Zweifellos stellen LEDs das Leuchtmittel dar, welches in Zukunft die Mehrzahl der Beleuchtungsaufgaben übernehmen wird. Die rasante Entwicklung der LED-Technik der  vergangenen 10 Jahre ist noch lange nicht  zu Ende. Und so werden die Produkteigenschaften in den kommenden Jahren sicher weiter verbessert. Welche Werte dabei erzielt werden können, wurde oben bereits erwähnt.

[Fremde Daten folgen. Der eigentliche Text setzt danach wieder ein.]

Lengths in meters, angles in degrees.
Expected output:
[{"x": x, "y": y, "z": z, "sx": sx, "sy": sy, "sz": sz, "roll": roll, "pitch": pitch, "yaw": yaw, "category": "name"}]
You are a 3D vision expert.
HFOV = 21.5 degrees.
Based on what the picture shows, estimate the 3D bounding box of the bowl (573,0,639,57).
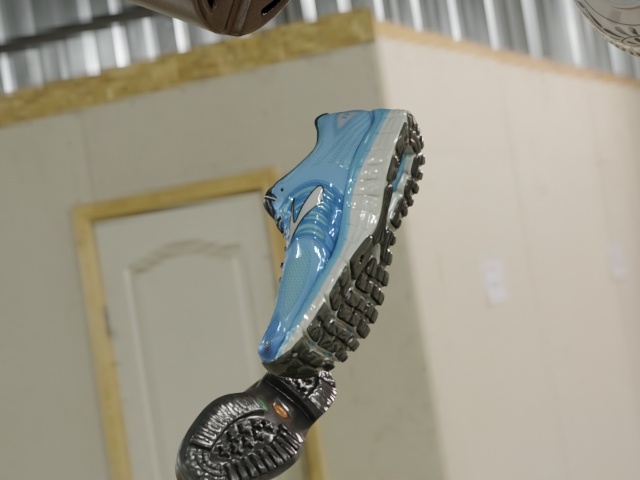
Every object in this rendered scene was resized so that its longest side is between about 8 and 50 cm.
[{"x": 0.245, "y": -0.215, "z": 1.272, "sx": 0.170, "sy": 0.170, "sz": 0.080, "roll": -10, "pitch": 6, "yaw": 37, "category": "bowl"}]

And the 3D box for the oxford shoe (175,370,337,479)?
[{"x": -0.065, "y": 0.173, "z": 1.420, "sx": 0.096, "sy": 0.083, "sz": 0.227, "roll": -46, "pitch": -8, "yaw": 27, "category": "oxford shoe"}]

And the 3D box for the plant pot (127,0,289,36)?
[{"x": -0.099, "y": -0.218, "z": 1.098, "sx": 0.165, "sy": 0.167, "sz": 0.167, "roll": 29, "pitch": 19, "yaw": 29, "category": "plant pot"}]

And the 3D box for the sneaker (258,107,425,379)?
[{"x": 0.000, "y": 0.000, "z": 0.915, "sx": 0.073, "sy": 0.162, "sz": 0.063, "roll": 13, "pitch": -23, "yaw": 25, "category": "sneaker"}]

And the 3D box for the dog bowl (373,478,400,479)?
[{"x": 0.155, "y": 0.295, "z": 1.144, "sx": 0.408, "sy": 0.150, "sz": 0.408, "roll": 22, "pitch": -15, "yaw": 6, "category": "dog bowl"}]
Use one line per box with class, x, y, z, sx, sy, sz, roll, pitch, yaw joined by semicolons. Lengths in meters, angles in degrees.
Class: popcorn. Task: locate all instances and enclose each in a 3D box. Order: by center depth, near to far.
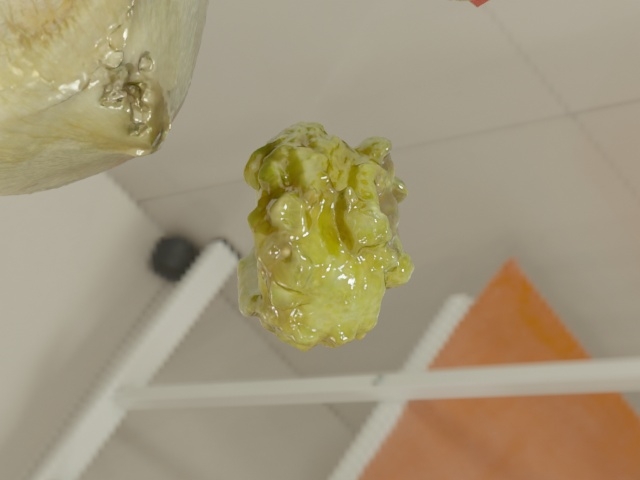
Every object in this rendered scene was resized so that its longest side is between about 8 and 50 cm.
popcorn;0.005;-0.001;1.556;0.155;0.197;0.198;8;76;5

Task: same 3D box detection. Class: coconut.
coconut;-0.253;-0.208;1.549;0.360;0.346;0.346;38;57;10

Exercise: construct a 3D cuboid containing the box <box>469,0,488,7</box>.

Weitere Verbesserungen der Herstellungstechnologien, die ständig steigenden Fertigungsstückzahlen sowie die zunehmende Konkurrenz auf den Weltmärkten werden dafür sorgen, dass die Kosten und damit Marktpreise weiter fallen. Interessant ist auch, welche Fortschritte in den nächsten Jahren auf dem Gebiet der OLED-Technik erzielt werden können. Organisch basierte LEDs strahlen, im Vergleich zu den bisher bekannten LEDs, das Licht großflächig ab und kommen damit der natürlichen Lichtverteilung sehr nah. Im Moment ist diese Technologie, die Lebensdauer und Lichtausbeute betreffend, jedoch noch nicht ausgereift und wird aus diesen Gründen nur für spezielle Anwendungsfälle eingesetzt. Die Entwicklung und Produktion von 200W und 400W-Scheinwerfern für die Zone 1 ist schon heute realisierbar, es stellt sich jedoch die Frage, ob die Kunden in diesem Fall bereit sind, den erhöhten Anschaffungspreis für LED-Leuchten zu bezahlen. Bei allem Optimismus hinsichtlich der Anwendung von LEDs als Leuchtmittel sollte man nicht verkennen, dass die Ablösung  von Beleuchtungsanlagen mit älternen Lichtquellen nur nach und nach in einem längeren Zeitraum erfolgen kann. Dafür sprechen langjährige Gewohnheiten, der massenhafte Einsatz der bisherigen Technik in bestehenden Anlagen sowie Defizite in der Information über die neue Technik beim Personal und in den Unterlagen der Planungs-, Installations- und Betreiberfirmen.